Al-Qaeda weapons site a ‘long-term cache’


According to sources, the site in Thadiq in the Al-Safrat region 95km to the northwest of Riyadh is owned by the 70-year-old father of one of the 44 arrested, and was first identified by security officials on Oct. 25.

The owner of the land, a retired civil servant, is the imam of a local mosque who frequented the site with family members, using the open-air concrete seating area with no knowledge of the weapons stored beneath. “We sat with our children on top of the stash, completely unaware,” a brother of the arrested said.

The arrested, sources said, is 36 years old and was employed as an aid worker. Relatives, who described him as of a “low level of education”, said that he had been arrested on a previous occasion and had shown signs of religious extremism for approximately ten years.

A senior member of the family added that the family had been warned of him after he was “arrested in Qassim with a group of extremists”. It was not revealed when that first arrest took place.

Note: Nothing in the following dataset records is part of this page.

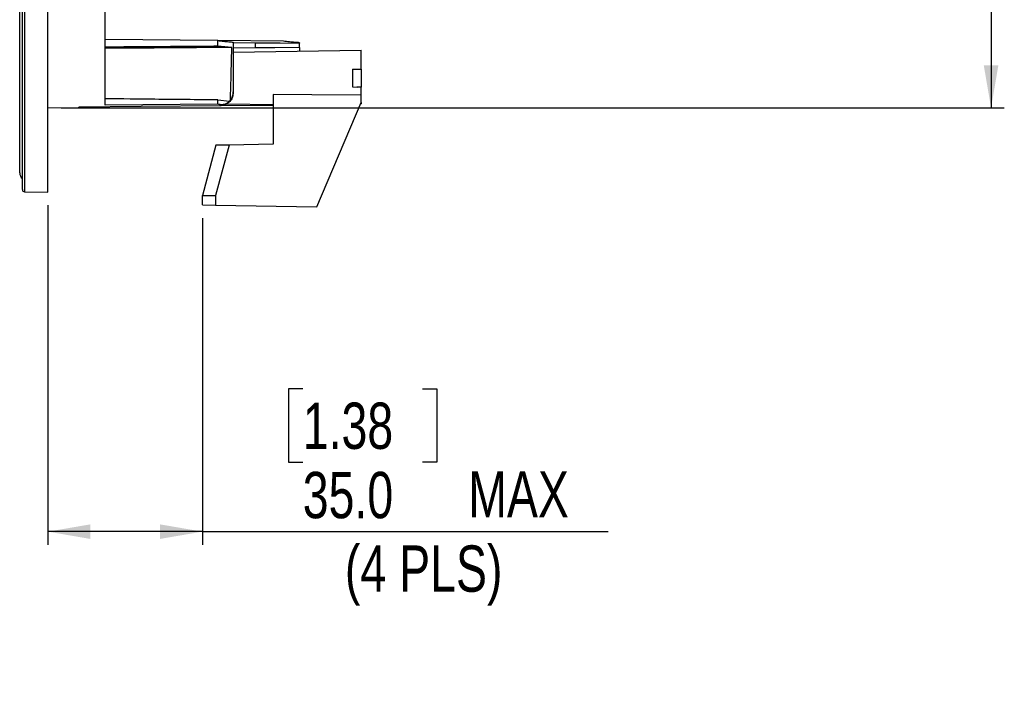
# Model space of a CAD drawing. Header units: millimetres. Extents: x 0 to 594, y 0 to 420.
# Tile 8 of 50: x 250 to 325, y 165 to 215. Entities that reach past the tile are written whole.
import ezdxf

# ---------------------------------------------------------------- set-up
doc = ezdxf.new("R2010")
doc.units = ezdxf.units.MM
doc.layers.add('SLD-0', color=7, linetype='Continuous')
doc.styles.add('SLDTEXTSTYLE0', font='TXT', dxfattribs={"width": 0.75})
doc.dimstyles.new('SLDDIMSTYLE2', dxfattribs={"dimtxt": 3.5, "dimasz": 3.2, "dimexe": 0, "dimexo": 0.0625, "dimgap": 0.875, "dimtad": 1, "dimdec": 1, "dimlfac": 3, "dimrnd": 1e-09, "dimzin": 4, "dimdsep": 46, "dimtxsty": 'SLDTEXTSTYLE0', "dimsah": 1, "dimcen": 0.09, "dimadec": 0, "dimazin": 1, "dimtfac": 1, "dimtdec": 1, "dimtofl": 0, "dimtmove": 0, "dimatfit": 3, "dimfxl": 1, "dimfrac": 2, "dimtolj": 1, "dimtzin": 12, "dimarcsym": 0})

# ---------------------------------------------------------------- blocks, each defined once
blk = doc.blocks.new('_D_2')
at = {"layer": 'SLD-0', "color": 7, "transparency": 16777216}
for p, q in [((252.352, 201.147), (252.352, 175.491)), ((264.019, 200.187), (264.019, 175.491)), ((271.598, 187.288), (270.531, 187.288)), ((270.531, 187.288), (270.531, 181.732)), ((280.649, 187.288), (281.716, 187.288)), ((281.716, 187.288), (281.716, 181.732)), ((270.531, 181.732), (271.598, 181.732)), ((281.716, 181.732), (280.649, 181.732)), ((264.019, 176.491), (252.352, 176.491)), ((264.019, 176.491), (294.658, 176.491))]:
    blk.add_line(p, q, dxfattribs=at)
for points in [[(252.352, 176.491), (255.552, 175.941), (255.552, 177.041)], [(264.019, 176.491), (260.819, 177.041), (260.819, 175.941)]]:
    blk.add_solid(points, dxfattribs=at)
at = {"layer": 'SLD-0', "color": 7, "transparency": 16777216, "char_height": 3.5, "attachment_point": 1, "style": 'SLDTEXTSTYLE0'}
for s, insert in [('1.38', (271.598, 186.243)), ('35.0', (271.598, 181.007)), ('MAX', (284.095, 181.06)), ('(4 PLS)', (274.782, 175.45))]:
    blk.add_mtext(s, dxfattribs=dict(at, insert=insert))
blk = doc.blocks.new('_D_4')
at = {"layer": 'SLD-0', "color": 7, "transparency": 16777216}
for p, q in [((253.352, 298.179), (324.588, 298.179)), ((323.588, 298.179), (323.588, 208.515)), ((311.764, 259.166), (311.764, 260.232)), ((311.764, 260.232), (317.321, 260.232)), ((317.321, 260.232), (317.321, 259.166)), ((311.764, 247.528), (311.764, 246.462)), ((317.321, 246.462), (317.321, 247.528)), ((311.764, 246.462), (317.321, 246.462)), ((253.352, 208.515), (324.588, 208.515))]:
    blk.add_line(p, q, dxfattribs=at)
for points in [[(323.588, 298.179), (323.038, 294.979), (324.138, 294.979)], [(323.588, 208.515), (324.138, 211.715), (323.038, 211.715)]]:
    blk.add_solid(points, dxfattribs=at)
at = {"layer": 'SLD-0', "color": 7, "transparency": 16777216, "char_height": 3.5, "attachment_point": 1, "rotation": 90, "style": 'SLDTEXTSTYLE0'}
for s, insert in [('269.0', (319.076, 250.167)), ('10.59', (312.809, 247.528)), ('%%c', (319.076, 244.889))]:
    blk.add_mtext(s, dxfattribs=dict(at, insert=insert))

msp = doc.modelspace()

# ---------------------------------------------------------------- linework, layer by layer
at = {"color": 7, "linetype": 'Continuous', "lineweight": 25}
for p, q in [((250.218, 203.603), (250.218, 253.347)), ((256.686, 208.712), (256.686, 221.673)), ((250.419, 202.344), (250.419, 217.283)), ((250.583, 217.165), (250.583, 202.177)), ((252.352, 202.147), (252.352, 217.143)), ((265.175, 213.589), (256.686, 213.666)), ((270.136, 213.544), (265.175, 213.589)), ((265.175, 213.163), (265.175, 213.589)), ((266.352, 213.477), (266.352, 209.723)), ((266.352, 213.445), (268.019, 213.43)), ((266.246, 213.078), (265.175, 213.163)), ((268.019, 213.044), (266.352, 213.029)), ((266.352, 212.709), (276.019, 212.877)), ((268.019, 213.044), (268.019, 213.43)), ((268.019, 213.044), (268.019, 213.044)), ((271.352, 213.43), (271.352, 213.401)), ((271.352, 213.073), (271.352, 213.401)), ((271.352, 213.073), (271.352, 212.796)), ((276.019, 211.445), (276.019, 212.877)), ((275.352, 211.428), (275.731, 211.437)), ((275.352, 211.428), (275.352, 210.094)), ((276.019, 211.445), (276.019, 210.077)), ((266.352, 209.723), (266.352, 209.674)), ((275.352, 210.094), (275.731, 210.084)), ((275.731, 210.084), (275.673, 210.086)), ((276.019, 209.483), (276.019, 210.077)), ((265.175, 208.782), (265.175, 209.11)), ((265.175, 209.11), (266.07, 209.022)), ((266.07, 209.022), (266.07, 209.017)), ((266.352, 209.674), (266.323, 209.427)), ((269.352, 209.523), (269.352, 205.761)), ((276.019, 208.928), (276.019, 209.483)), ((252.352, 208.515), (254.686, 208.536)), ((254.686, 208.536), (254.686, 208.569)), ((265.175, 208.782), (256.686, 208.712)), ((265.361, 208.666), (265.361, 208.766)), ((269.352, 208.702), (265.361, 208.666)), ((265.864, 208.822), (269.352, 208.761)), ((272.661, 201.036), (276.019, 208.928)), ((275.973, 208.818), (276.019, 208.819)), ((276.019, 208.928), (276.019, 208.819)), ((265.038, 205.686), (264.019, 201.884)), ((266.043, 205.703), (265.019, 201.883)), ((266.043, 205.703), (265.038, 205.686)), ((269.352, 205.761), (266.043, 205.703)), ((250.583, 202.177), (252.352, 202.147)), ((264.019, 201.884), (265.019, 201.883)), ((264.019, 201.187), (264.019, 201.884)), ((265.019, 201.883), (265.019, 201.17)), ((264.019, 201.187), (265.019, 201.17)), ((265.019, 201.17), (272.661, 201.036))]:
    msp.add_line(p, q, dxfattribs=at)
at = {"color": 7, "linetype": 'Continuous', "lineweight": 25, "flags": 128}
for points in [[(268.019, 213.43), (269.886, 213.414), (271.352, 213.401)], [(271.352, 213.073), (269.486, 213.057), (268.019, 213.044)], [(275.352, 211.428), (275.565, 211.433), (275.731, 211.437)], [(275.731, 211.437), (275.892, 211.442), (276.019, 211.445)], [(276.019, 210.077), (275.858, 210.081), (275.731, 210.084)], [(276.019, 209.483), (272.286, 209.505), (269.352, 209.523)], [(265.361, 208.666), (259.383, 208.612), (254.686, 208.569)]]:
    msp.add_lwpolyline(points, dxfattribs=at)
at = {"color": 7, "linetype": 'Continuous', "lineweight": 25}
for centre, radius, start, end in [((250.818, 203.614), 0.6, 181.03294, 228.27293), ((250.586, 202.344), 0.167, 180, 269)]:
    msp.add_arc(centre, radius, start, end, dxfattribs=at)
for points, knots in [([(265.175, 213.589), (265.322, 213.573), (265.611, 213.543), (266.012, 213.506), (266.241, 213.487), (266.352, 213.477)], [0, 0, 0, 0, 0.344711, 0.680088, 1, 1, 1, 1]), ([(271.352, 213.43), (271.238, 213.44), (271.005, 213.459), (270.589, 213.496), (270.289, 213.528), (270.136, 213.544)], [0, 0, 0, 0, 0.318962, 0.654519, 1, 1, 1, 1]), ([(265.175, 213.163), (263.591, 213.151), (260.761, 213.13), (257.931, 213.109), (256.686, 213.1)], [0, 0, 0, 0, 0.56, 1, 1, 1, 1]), ([(266.246, 213.078), (264.461, 213.065), (261.275, 213.04), (258.088, 213.016), (256.686, 213.006)], [0, 0, 0, 0, 0.56, 1, 1, 1, 1]), ([(266.139, 209.099), (266.148, 209.426), (266.156, 209.762), (266.169, 210.214), (266.178, 210.57), (266.197, 211.282), (266.223, 212.246), (266.238, 212.801), (266.246, 213.078)], [0, 0, 0, 0, 0.25017, 0.257621, 0.320932, 0.500549, 0.750218, 1, 1, 1, 1]), ([(266.139, 209.099), (266.172, 209.145), (266.237, 209.237), (266.329, 209.451), (266.343, 209.614), (266.352, 209.723)], [0, 0, 0, 0, 0.250753, 0.500029, 1, 1, 1, 1]), ([(265.175, 209.11), (263.591, 209.126), (260.761, 209.154), (257.931, 209.183), (256.686, 209.195)], [0, 0, 0, 0, 0.56, 1, 1, 1, 1]), ([(266.323, 209.427), (266.287, 209.323), (266.213, 209.114), (265.983, 208.869), (265.691, 208.701), (265.471, 208.678), (265.361, 208.666)], [0, 0, 0, 0, 0.250008, 0.500013, 0.750011, 1, 1, 1, 1]), ([(265.361, 208.766), (265.474, 208.767), (265.648, 208.769), (265.896, 208.873), (266.015, 208.975), (266.07, 209.022)], [0, 0, 0, 0, 0.499323, 0.771088, 1, 1, 1, 1]), ([(266.07, 209.017), (266.083, 209.032), (266.107, 209.058), (266.129, 209.087), (266.139, 209.099)], [0, 0, 0, 0, 0.558684, 1, 1, 1, 1]), ([(265.361, 208.766), (265.327, 208.769), (265.265, 208.774), (265.203, 208.78), (265.175, 208.782)], [0, 0, 0, 0, 0.559959, 1, 1, 1, 1])]:
    msp.add_open_spline(points, degree=3, knots=knots, dxfattribs=at)

# ---------------------------------------------------------------- dimensions: what is measured, and where the dimension line sits
at = {"layer": 'SLD-0', "color": 7}
dim = msp.add_linear_dim(base=(323.588, 208.515), p1=(252.352, 298.179), p2=(252.352, 208.515), angle=90, text='%%c<>', dimstyle='SLDDIMSTYLE2', dxfattribs=at)
dim.commit()
dim.dimension.update_dxf_attribs({"geometry": '_D_4', "text_midpoint": (323.588, 253.347), "dimtype": 160})
dim = msp.add_linear_dim(base=(252.352, 170.939), p1=(264.019, 201.187), p2=(252.352, 202.147), text='<> MAX\\X(4 PLS)', dimstyle='SLDDIMSTYLE2', dxfattribs=at)
dim.commit()
dim.dimension.update_dxf_attribs({"geometry": '_D_2', "text_midpoint": (282.061, 170.939), "dimtype": 160})

doc.saveas('drawing.dxf')

Sources said that he had been in the custody of authorities for 18 months before the November announcement.

His arrest, according to the sources, was a possible key factor in leading authorities to the rest of the 44-strong network, who included among their ranks university professors and businessmen.

A security official at the time of the announcement described the 44 arrested suspects as “not merely followers or theorists of the deviant thought but also financers for large quantities of weapons”.

Long-term cache
The site of 3,000 sq m with an attached “istiraha” rest house may have been used to store the weapons and ammunition for over three years, the sources said, adding that the arms found wrapped and bound suggested a long-term cache.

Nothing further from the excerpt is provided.